_What this task involves_: Every line of the listing is returned unchanged, and every picture is dropped.

_Raw data_:
⟨
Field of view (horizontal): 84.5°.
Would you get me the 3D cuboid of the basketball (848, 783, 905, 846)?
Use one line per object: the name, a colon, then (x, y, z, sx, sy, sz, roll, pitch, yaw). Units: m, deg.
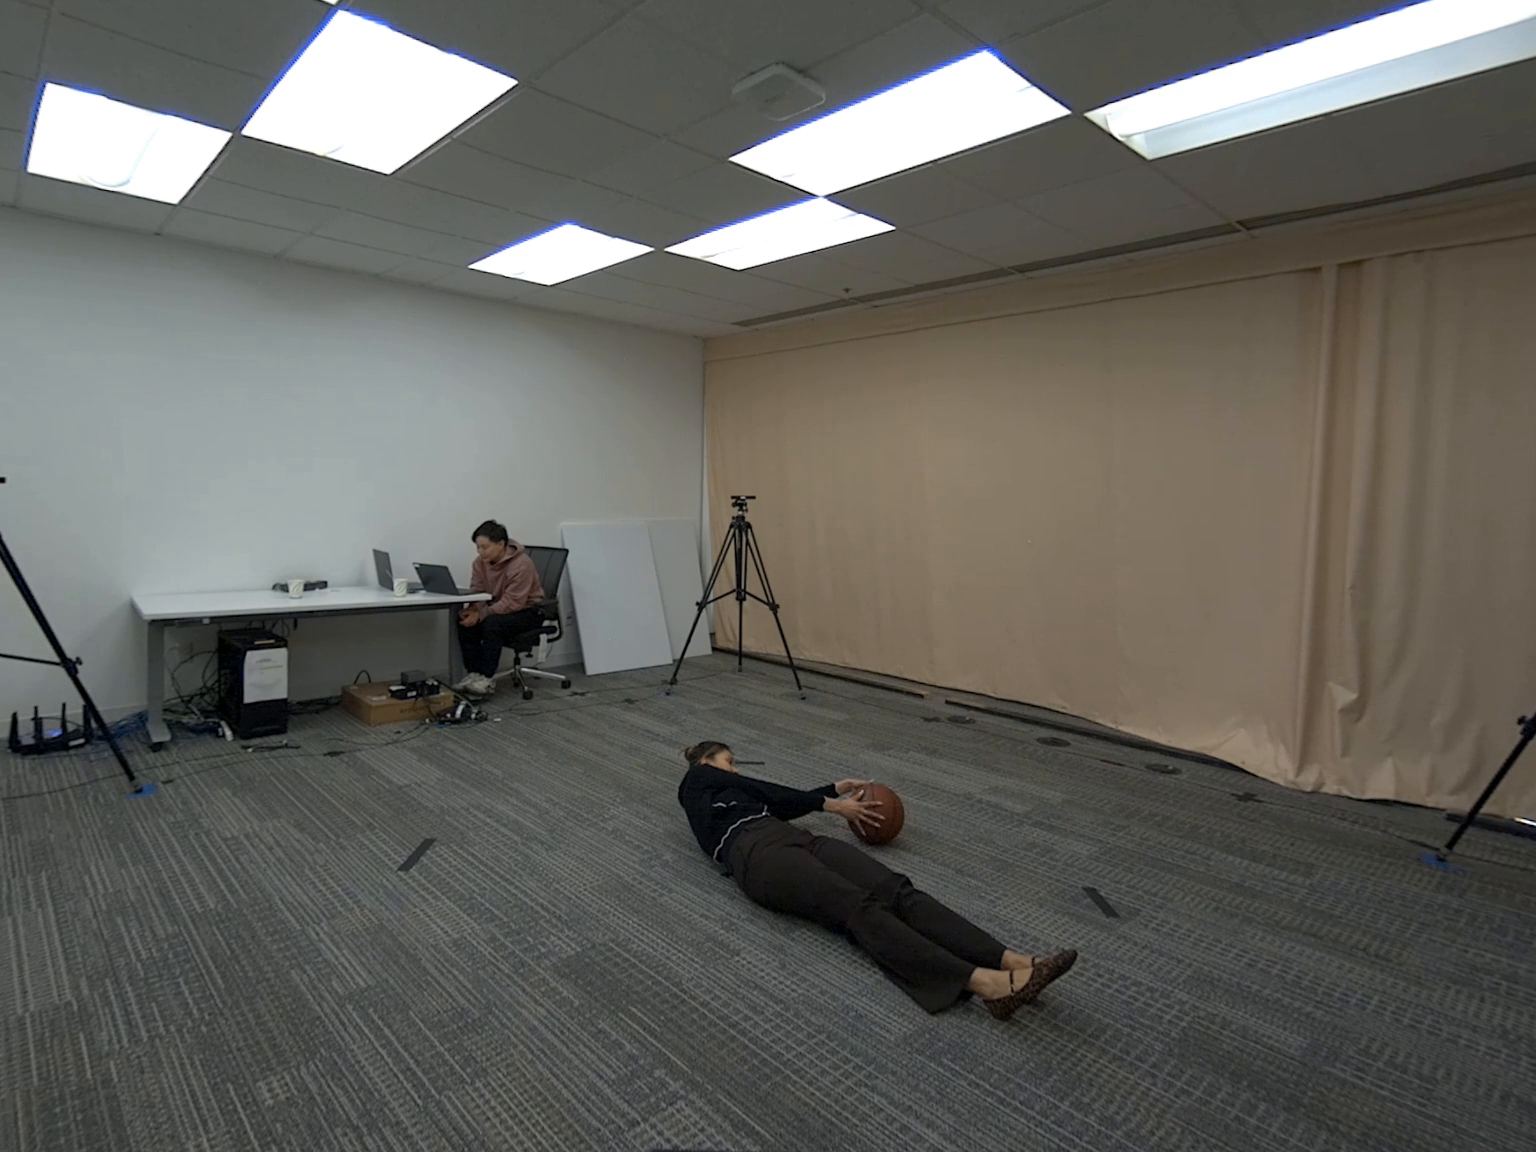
⟩
_Output_:
Field of view (horizontal): 84.5°.
Would you get me the 3D cuboid of the basketball (848, 783, 905, 846)?
Use one line per object: the name, a colon, then (x, y, z, sx, sy, sz, roll, pitch, yaw). Units: m, deg.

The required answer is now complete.